Раздался писк и на панели контейнера засветилась синяя кнопка.
– Ты практически прав, – Лев открыл дверцу. – Омлет с сыром.
– Копать-колотить! – вырвалось у Фёдора.
Жёлтая кучка на блюде несомненно была омлетом. У неё не оставалось выбора.
– Скрамбл знаешь? – Лев протянул ему стеклянную тарелку. – Это скрамбл.
– Его едят?
– Ещё как.
Фёдор съел свою порцию, вилкой собрал, что осталось на тарелке, и сунул в рот, стараясь ни крошки не уронить.
– Подожди, но это же… это же некислые бабки!
– Ты же сам видишь, – Лев орудовал вилкой. – У отца проблемы с интерфейсом. Дешёво, вкусно, питательные свойства продукта не нарушены, а если работать над формой, придётся либо удорожать аппарат, либо чем-то жертвовать в качестве продукта. А он не хочет.
– А как оно работает?
– Разбирает продукт на молекулы: белки, жиры, углеводы, и пересобирает согласно поставленной задаче. Ну, не совсем на молекулы. На мелкие составные. Суй в загрузочный блок хоть творог, хоть морковку, хоть слипшиеся пельмени. Хоть растения. Смотри, сейчас он нам сделает печеньки.

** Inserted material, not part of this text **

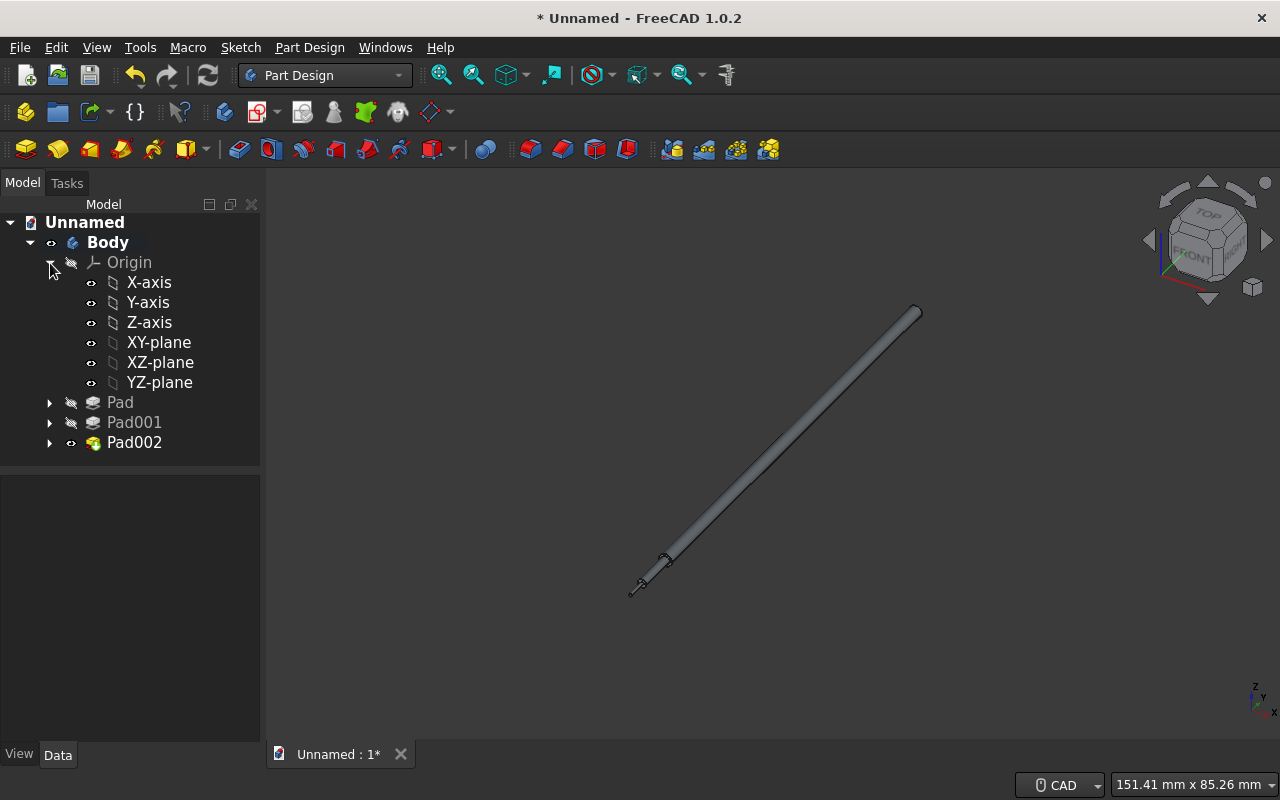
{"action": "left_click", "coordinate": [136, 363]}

Не вставая с табуретки, Лев дотянулся до аппарата и ткнул пару кнопок.
Пластиковый контейнер засветился. Из «пальцев» на стеклянный поднос стала выдавливаться жидкость. Жёлтые лужицы тут же превращались в печенье, которое Лев высыпал в миску и поставил на стол.
– Я запросил, чтобы добавки – шпинат, креветочное масло и сыр. Нормально, будешь жрать?
– А… из чего всё это?
– Что в холодильнике оставалось. Масла сливочного немножко, сметана, чеснок, морковок пара, картофелина вчерашняя варёная была, зелень какая-то умершая, палочки крабовые – так-то я их почти не ем, а так – ну, я всего не помню. Набросал, чего было.
Чай Лев наливал из самого обычного чайника.
Холодильник в кухне был старый. На полу стоял бумажный пакет с картошкой и луком. В корзинке на подоконнике лежали помидоры, а на буфете выстроилась батарея стеклянных банок. В голове не помещалось, как такой человек – изобретатель! – не может нормально жить.
– Но…
В железной двери четырежды повернулся ключ.
Вошедший был невысок, худощав, тревожная складка залегла между чёрными, как у Льва, бровями, но аккуратно постриженная борода и седеющие волосы были тёмно-русыми. Обнаружив парней, человек быстро поднял палец, чтобы его не беспокоили, бросился к столу и что-то долго писал. В блокноте. Ручкой.
Закончив писать, он вышел в кухню, присел на край стола и с интересом взглянул на Фёдора.
На ужин были глазунья с салатом из зелёного лука и помидоров, блины с яблоками, сыр. Жена изобретателя готовила на обычной сковороде и резала обычным ножом.
Мачеха Льва пришла на самом интересном месте их разговора, удовлетворила свое любопытство насчёт того, сколько Фёдору лет, и кто его родители, и неужели в здешних школах действительно учатся целых двенадцать классов и он закончил школу в девятнадцать лет, выяснила, где живут родственники его семьи и чем занимаются, после чего выгнала всех с кухни.
– Господа, к делу, – Берёзкин промокнул рот салфеткой. – Чем вы намерены заниматься?
– Э-э-э… – протянул Фёдор.
– Так я и думал, – усмехнулся изобретатель.
Берёзкина мешала ложечкой в чашке с чаем.
– Фёдор, раз уж у вас общие планы, может быть, вы позовёте к нам свою маму? Ведь её это тоже касается.
Фёдор Летний хотел было сказать «нет», но не успел открыть рот, как уже звонил матери.